_The task_:
Word for word, repeat everything in the records below except the pictures.

-- Provided data follows --

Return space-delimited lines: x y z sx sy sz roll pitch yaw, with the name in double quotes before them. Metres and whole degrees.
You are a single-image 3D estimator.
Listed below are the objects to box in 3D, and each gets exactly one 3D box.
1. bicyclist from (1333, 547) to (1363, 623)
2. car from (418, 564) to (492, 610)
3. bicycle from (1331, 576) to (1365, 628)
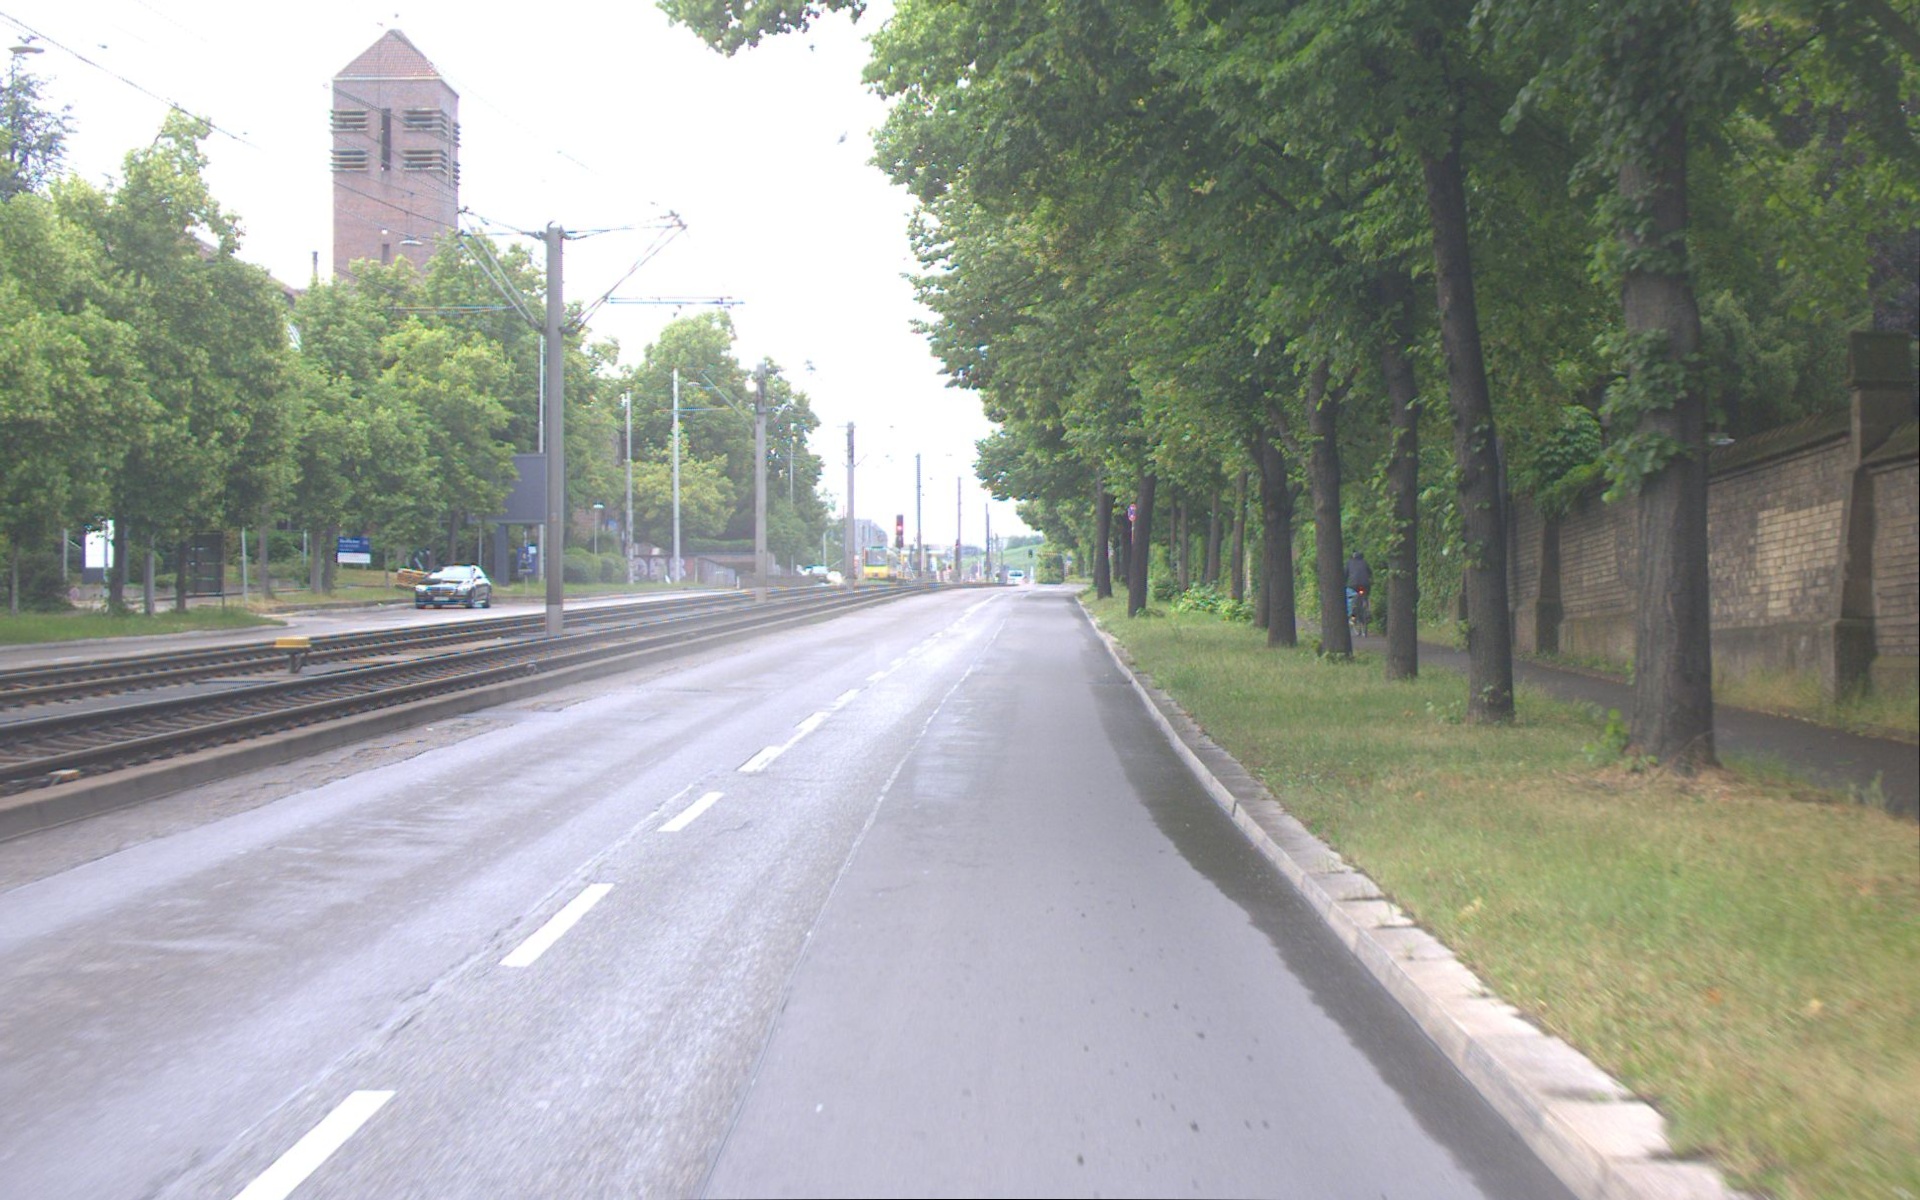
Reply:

-- Provided data concluded --

_Response to this task_:
Return space-delimited lines: x y z sx sy sz roll pitch yaw, with the name in double quotes before them. Metres and whole degrees.
You are a single-image 3D estimator.
Listed below are the objects to box in 3D, and each gets exactly one 3D box.
1. bicyclist from (1333, 547) to (1363, 623)
2. car from (418, 564) to (492, 610)
3. bicycle from (1331, 576) to (1365, 628)
Reply:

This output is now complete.